Boid atau Jeppa atau Kompeng biasa disebut, rombongan Bacaleg dijamu makanan itu di Desa Matinan di salah Cafe–Cafe Alva milik penduduk setempat. 
Rombongan Alek Bantilan menghabiskan waktu sekira 2 jam ngobrol di sana dan mendapat banyak informasi dan masukan dari warga. 
Selain informasi, warga juga ngobrol bebas karena Alek juga memiliki teman sekolah waktu SMA di Buol. 

Alek memang menamatkan SMA nya di Buol, sehingga tak jarang setiap Alek mendapat sambutan dari teman seperjuangan obrolan semasa sekolah mengemuka. Canda tawa pun menambah keakraban dengan mantan Bupati Tolitoli itu. 
Soal makanan tradisional, Alek berharap agar rumpun Sagu jangan dijadikan kawasan pemukiman. “Itu areal yang ditumbuhi Sagu sebaiknya di jaga jangan dijadikan pemukiman, ” ujarnya. 
Jangan sampai tanaman itu punah, maka ciri khas daerah kita akan hilang.
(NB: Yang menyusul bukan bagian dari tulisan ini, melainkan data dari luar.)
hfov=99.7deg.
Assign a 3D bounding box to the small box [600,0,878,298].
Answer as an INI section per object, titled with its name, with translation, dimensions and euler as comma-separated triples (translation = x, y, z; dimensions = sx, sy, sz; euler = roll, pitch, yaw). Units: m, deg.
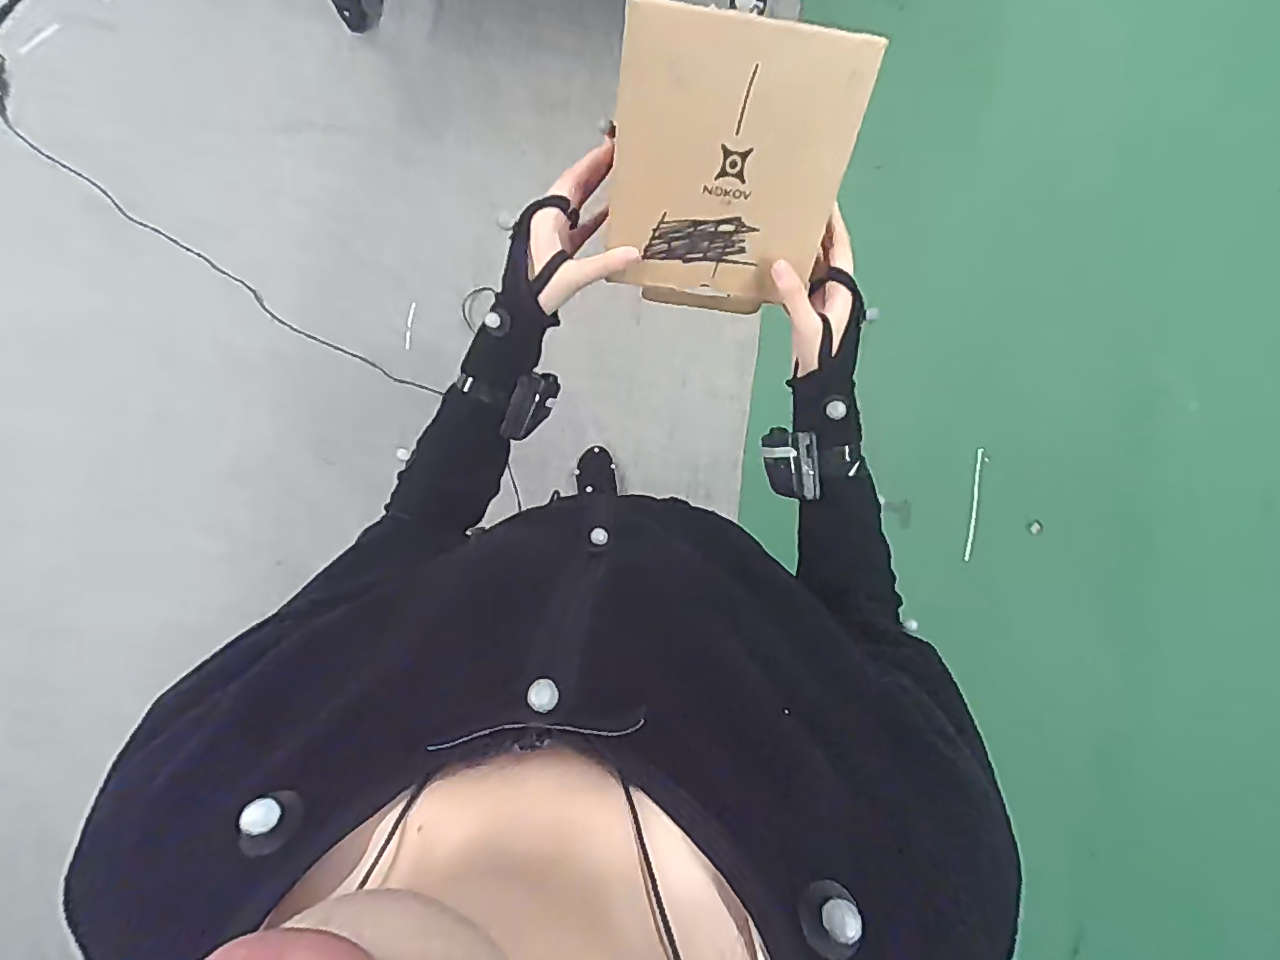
[small box]
translation = 0.059, -0.277, 0.447
dimensions = 0.168, 0.176, 0.179
euler = 5, 131, -7
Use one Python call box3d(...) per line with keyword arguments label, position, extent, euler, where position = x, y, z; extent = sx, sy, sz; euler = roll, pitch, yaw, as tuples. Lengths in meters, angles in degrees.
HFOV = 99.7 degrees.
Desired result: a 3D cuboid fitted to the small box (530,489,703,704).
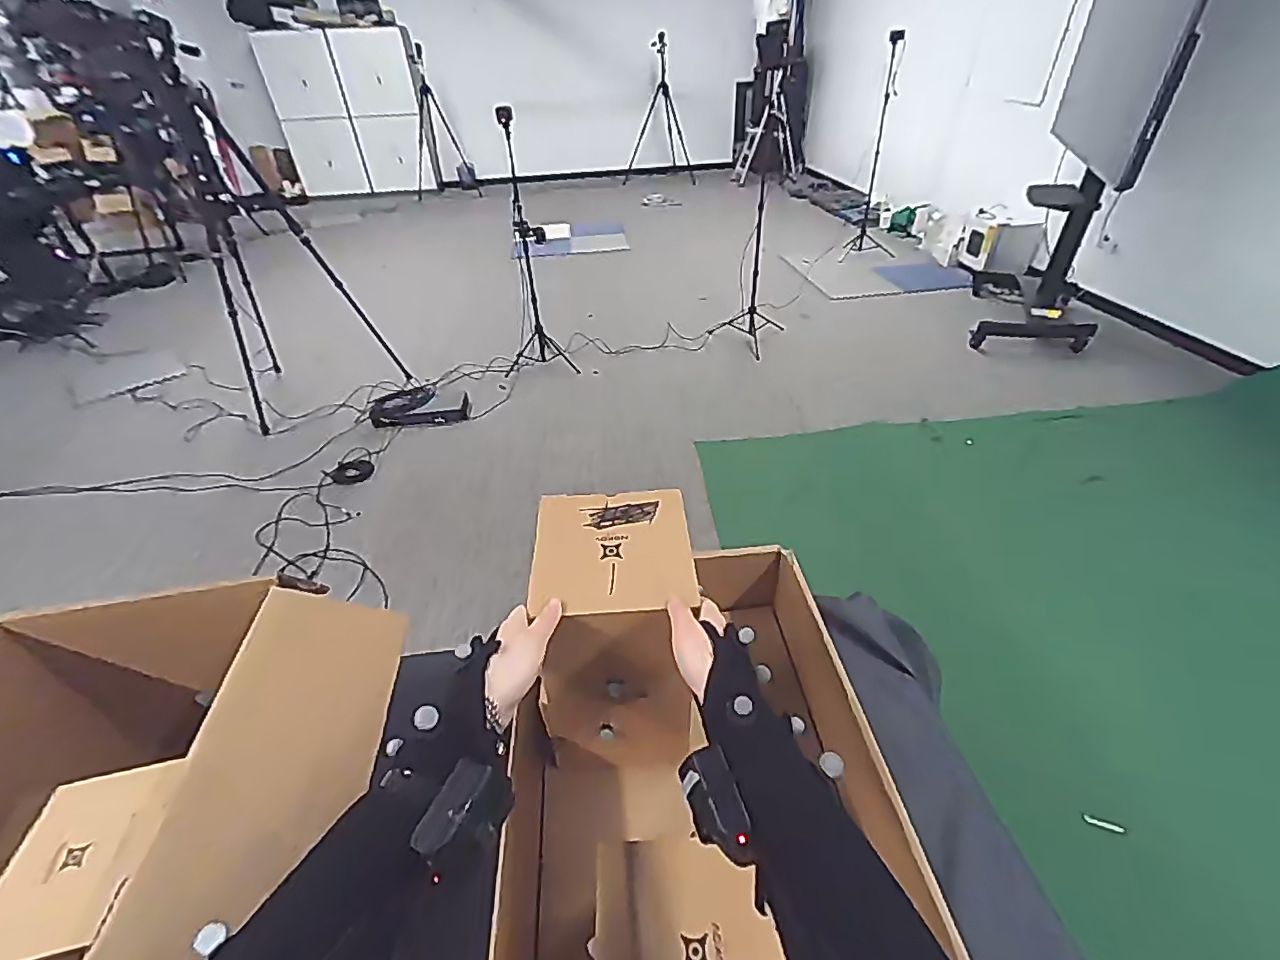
box3d(label="small box", position=(-0.024, 0.131, 0.619), extent=(0.168, 0.176, 0.179), euler=(-3, 40, -1))

Dan cadangan pangan kita akan sulit, imbuhnya. 
Alek memang sangat menyukai makanan dari Sagu yang bisa diramu dengan ikan atau sayuran itu. 
Dari Matinan, rombongan Alek yang juga raja ke XVII Tolitoli itu mengakhiri silaturahmi nya di Bonubogu di rumah salah seorang Bacale PAN Kabupaten Buol. 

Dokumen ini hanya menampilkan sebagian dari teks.